Villere is honestly one of the sweetest dogs I have ever met (of any breed). The pure joy on his face when he sees a person that is approaching to give him some loving is heart melting and hilarious all wrapped into one. On the American side of the falls, (New York) at least 8 different sets of people stopped us to meet Villere. (I even caught one guy taking photos of him.) A couple of the people even got nice and low so Villere could give them kisses. All in all Vilere was having a fantastic time.
After hanging out on the American side for an hour or so we thought we'd take the pedestrian bridge across the river into Canada. We were pretty excited about this because none of us had been into Canada before. After getting buzzed through the gate we headed across the very long bridge to Canada. Here's our journey:
Once we arrived in Canada we entered the door to go through Customs. It was empty so we walked right up to the desk. After exchanging pleasantries and before we started handing over ID's I asked if there were any breed bans. He replied yes and then it was clear to us that we weren't allowed to go in. I want to make it very clear that this guy was only doing his job and he was an extremely nice guy. He said that he would let him in if he could, and even offered his own water to give to Villere. I'd also like to point out that if we had planned this trip, we would have done research as to if he was allowed to enter or not. So there we were, standing at this invisible line that Villere was not allowed to cross. If he crossed it, according to the law, he could be confiscated from us. It's really hard to put into words what it feels like to be told that he can't go in just because of the way that he looks. (Once again there is no blame being pointed at the gentleman that wouldn't allow us in, he was just doing his job.) Villere is one of our kids, and just because he looks different, we can't bring him to certain places.
So there must be a reason for this law, right? BSL must make communities safer so these "vicious" dogs of certain breeds won't go around biting people non stop, right? Well, what if I told you that there is no, and will never be any actual evidence out there that makes this make sense? More people die from mop bucket accidents each year than dogs of any kind. Take a look at these graphics for some statistics:
To continue the story, Villere was pooped from his excited trip across the bridge and was in need of some water. We watered the dogs prior to going across the bridge, and planned on getting more once we arrived. After finding out that Villere wasn't allowed in, we brought him back outside so he could lie down. After a moment I headed back in with V so I could cross the border to get Vill some water. Approaching the desk the gentleman asked for my ID which I gave him. He then responds, "this isn't proper identification to get into Canada".... After a very brief conversation of me explaining that I needed to get Vill some water, he allowed me to cross the border anyway. So V and I went to the store that was very close and headed inside to get some water. Inside, all the workers were beyond friendly to V. I explained to them what had happened and why I was there and they were upset/embarrassed. 4 of the employees helped pet and water V, and then one was kind enough to help carry some of the stuff as far as she could. She even put the quarters in the machine for me which allowed V and I to get through the gate so we could get to Kelly and Villere. The people were so nice, and not the problem. The problem is outdated laws that don't actually make any sense according to the statistics. After watering Vill, we took the long journey across the bridge back to America where Vill is allowed.
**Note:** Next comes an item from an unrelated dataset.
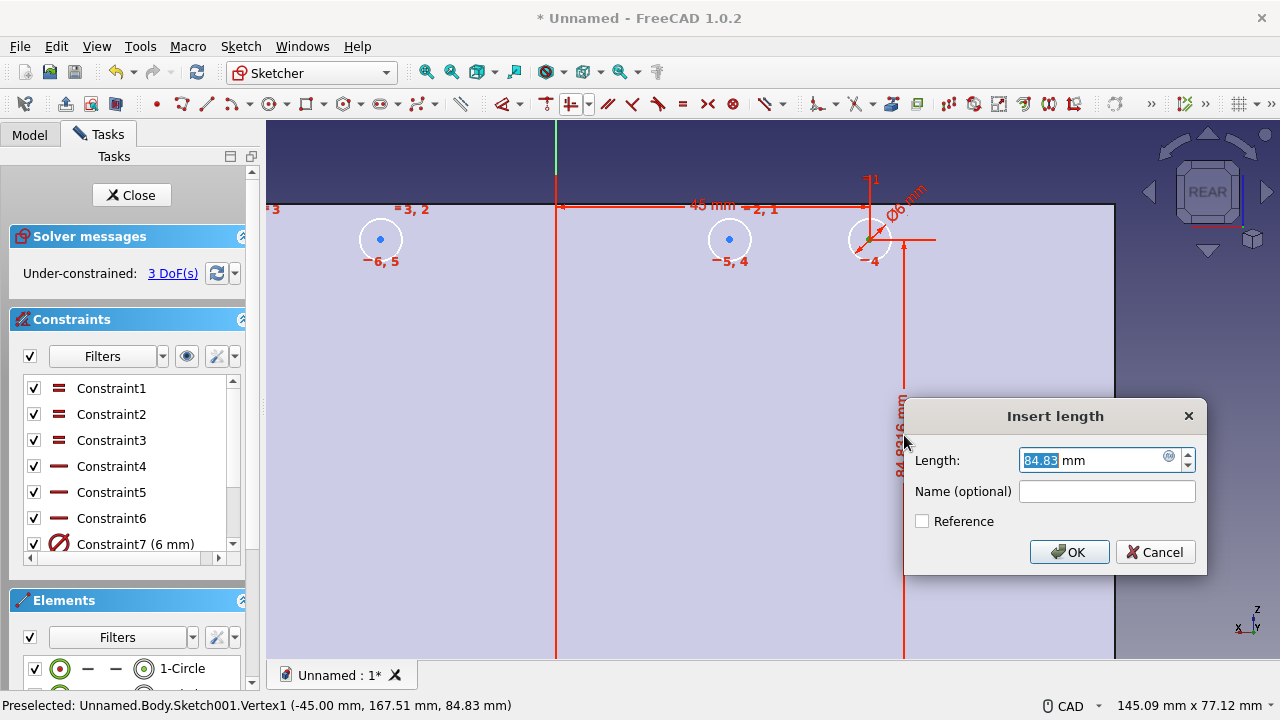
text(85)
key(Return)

Once back in America we stopped at the first bar we saw, and they happily allowed V and Vill in. The waitress was so kind that the first thing she did was brought the dogs some water. Here they are tired and happy. As Kelly and I sat at the table I asked her what she thought we could do to change BSL. That is why I am writing this.
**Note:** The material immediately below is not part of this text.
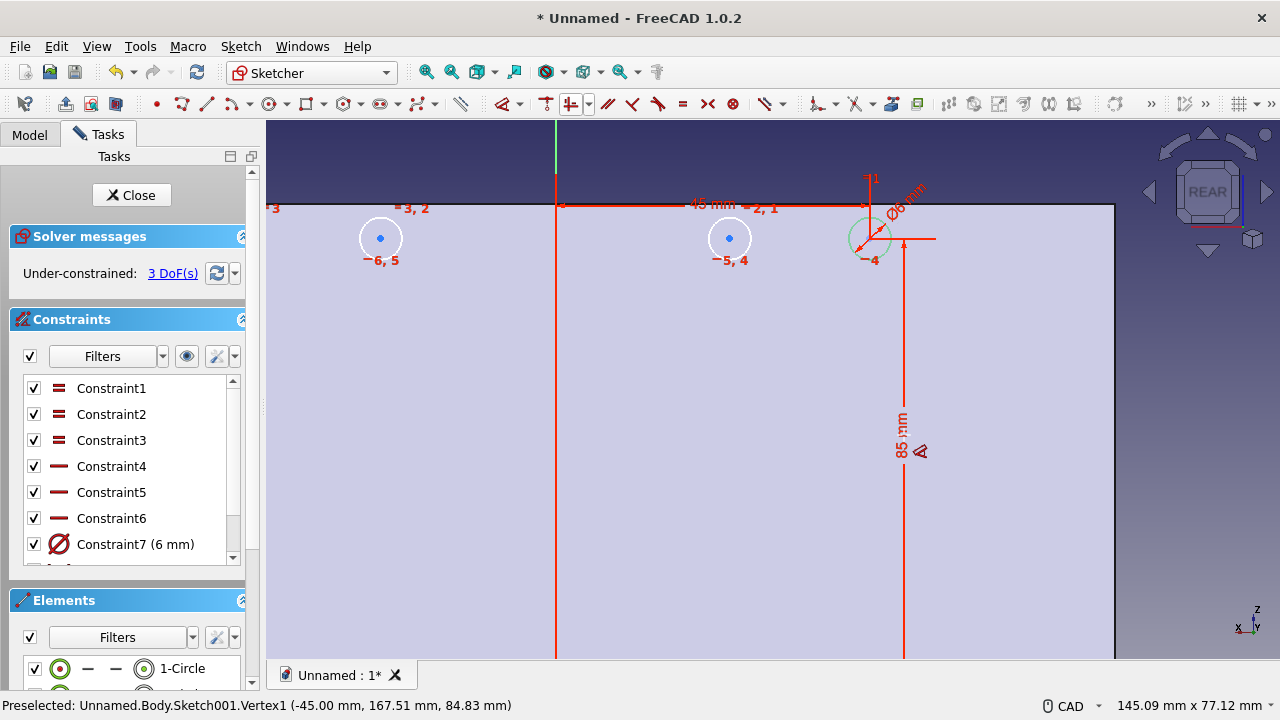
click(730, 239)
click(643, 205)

This is the final photo I'll post in this blog. This is Villere lying down quite exhausted. At the bar, 4 different sets of people came up to see him. Isn't it crazy how many people willingly come up to a "vicious breed" of dog and give him tons of petting? They even let him lick their faces.
Once again, I'm posting this to bring awareness to this law. This is a pointless law that should never have been put into place to start. Progress has been made as now according to state law in Ohio, no breed of dog is deemed vicious. (This doesn't stop cities from keeping their BSL though.) We got a ways to go though. It's time to end BSL.